What did you end up buying Darryl?


----------



## carolinad (Apr 14, 2012)

Hello Mike. I wound up getting a Craftsman 2 1/4 HP combo. I know it's not best thing going, but it was on sale and I thought it would give me a feel for the different features available at a price I could afford. I am also hoping it will mount to the Craftsman table I have without much trouble.

This is all very new to me. I don't see me wearing out even a cheap router anytime soon.


----------



## Mike (Nov 22, 2004)

Don't confuse inexpensive with cheap Darryl. The Craftsman combo kits are great value for your money. Most of the Craftsman tables are difficult to work with; I think the 26608 table is the best of all of them. It is a Bosch RA1171 with Craftsman markings.


----------



## wbh1963 (Oct 11, 2011)

Its very similar to the Craftsman table I picked up but has sturdier legs and a better fence (mine doesn't have T-Tracks for feather boards).

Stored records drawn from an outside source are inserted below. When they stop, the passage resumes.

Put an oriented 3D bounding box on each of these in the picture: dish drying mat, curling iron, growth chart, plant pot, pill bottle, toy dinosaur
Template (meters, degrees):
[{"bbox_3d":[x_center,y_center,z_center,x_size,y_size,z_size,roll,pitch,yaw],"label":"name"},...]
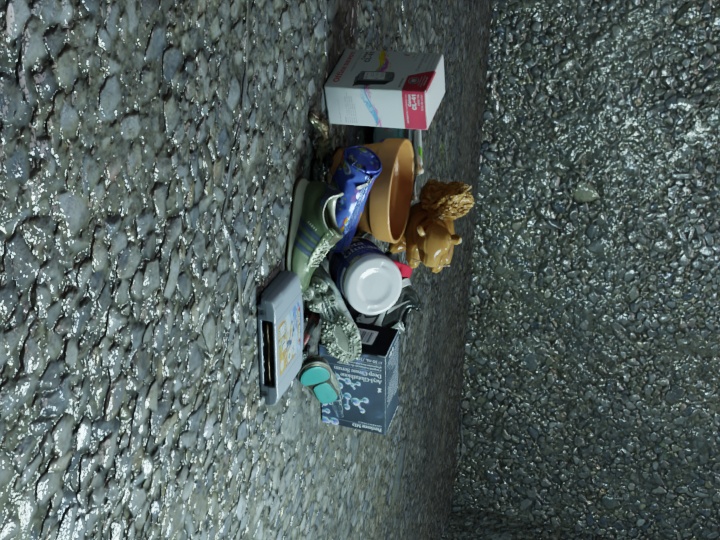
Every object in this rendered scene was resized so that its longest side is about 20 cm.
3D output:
[{"bbox_3d":[0.069,0.017,1.908,0.078,0.018,0.200,-61,161,5],"label":"dish drying mat"},{"bbox_3d":[-0.093,0.101,1.683,0.202,0.025,0.050,-73,-176,-47],"label":"curling iron"},{"bbox_3d":[0.117,-0.238,1.875,0.200,0.017,0.148,93,-3,-74],"label":"growth chart"},{"bbox_3d":[0.017,-0.163,1.735,0.200,0.137,0.205,7,90,-75],"label":"plant pot"},{"bbox_3d":[0.000,0.000,1.675,0.200,0.109,0.113,-134,-135,-67],"label":"pill bottle"},{"bbox_3d":[-0.069,-0.185,1.589,0.089,0.046,0.203,-75,168,-47],"label":"toy dinosaur"}]

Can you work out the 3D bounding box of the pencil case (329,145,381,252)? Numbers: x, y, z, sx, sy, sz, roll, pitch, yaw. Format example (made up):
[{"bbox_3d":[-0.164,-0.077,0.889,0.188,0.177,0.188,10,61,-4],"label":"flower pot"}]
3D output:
[{"bbox_3d":[-0.025,-0.125,1.586,0.087,0.077,0.202,60,-44,43],"label":"pencil case"}]

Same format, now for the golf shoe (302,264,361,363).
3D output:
[{"bbox_3d":[-0.047,0.077,1.666,0.098,0.077,0.203,-79,150,-60],"label":"golf shoe"}]

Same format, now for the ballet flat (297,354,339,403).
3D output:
[{"bbox_3d":[-0.086,0.200,1.716,0.201,0.066,0.065,71,4,-61],"label":"ballet flat"}]

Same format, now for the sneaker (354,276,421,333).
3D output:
[{"bbox_3d":[0.052,0.111,1.883,0.200,0.091,0.066,-43,160,5],"label":"sneaker"}]

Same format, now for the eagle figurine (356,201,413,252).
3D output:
[{"bbox_3d":[0.042,-0.128,1.936,0.198,0.151,0.153,4,50,-46],"label":"eagle figurine"}]

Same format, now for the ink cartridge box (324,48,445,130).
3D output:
[{"bbox_3d":[0.047,-0.339,1.642,0.149,0.196,0.087,-66,158,-45],"label":"ink cartridge box"}]

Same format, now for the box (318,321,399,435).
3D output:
[{"bbox_3d":[-0.001,0.222,1.847,0.107,0.145,0.204,-58,151,-55],"label":"box"}]

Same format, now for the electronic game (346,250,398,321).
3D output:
[{"bbox_3d":[0.023,0.043,1.939,0.201,0.041,0.201,-50,163,-21],"label":"electronic game"}]

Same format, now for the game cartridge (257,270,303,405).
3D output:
[{"bbox_3d":[-0.135,0.111,1.510,0.133,0.041,0.204,-48,144,-58],"label":"game cartridge"}]

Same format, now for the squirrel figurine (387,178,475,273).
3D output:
[{"bbox_3d":[0.150,-0.095,1.806,0.187,0.139,0.204,-92,-159,-83],"label":"squirrel figurine"}]

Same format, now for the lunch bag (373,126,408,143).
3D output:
[{"bbox_3d":[0.071,-0.287,1.941,0.200,0.075,0.164,-69,158,-70],"label":"lunch bag"}]

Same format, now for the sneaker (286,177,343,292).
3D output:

It looks like a great table to get up and going fast with to me!


----------



## carolinad (Apr 14, 2012)

Change of plans. When I unpacked the router, it had obliviously been a return and repacked loosely. When I went to take the sub-base off the screws stripped.

Going to return it to sears so I'm back to square one.


----------



## carolinad (Apr 14, 2012)

Mike, my table is 20 + years old. I was hoping to mount a router to it without drilling holes.


----------



## bobj3 (Jan 17, 2006)

Hi Darryl

That's great I know you will enjoy it but you will need to drill new holes to mount it, by the way I have 9 of the combo kits you could say I like them.  easy job to drill the holes out just use your base plate, once you remove it from the router base , for a template to drill them out,about a 5 min job.

==



carolinad said:


> Mike, my table is 20 + years old. I was hoping to mount a router to it without drilling holes.


----------



## carolinad (Apr 14, 2012)

I took it back and got another one. It's 2 1/2 hp. Just to make sure I'm getting this right. the sub base comes of when table mounting, right?


----------



## Mike (Nov 22, 2004)

Yes Darryl.

9 BJ? I turn my back and you bought more? :fie:


----------



## bobj3 (Jan 17, 2006)

Hi Darryl


Right On, no need to have it in place.

==



carolinad said:


> I took it back and got another one. It's 2 1/2 hp. Just to make sure I'm getting this right. the sub base comes of when table mounting, right?


----------



## bobj3 (Jan 17, 2006)

Hi Mike

hahahahaha ,,, Can't have to many good routers 
4 red tops and 5 black tops..
==



Mike said:


> Yes Darryl.
> 
> 9 BJ? I turn my back and you bought more? :fie:


----------



## carolinad (Apr 14, 2012)

Thanks!


----------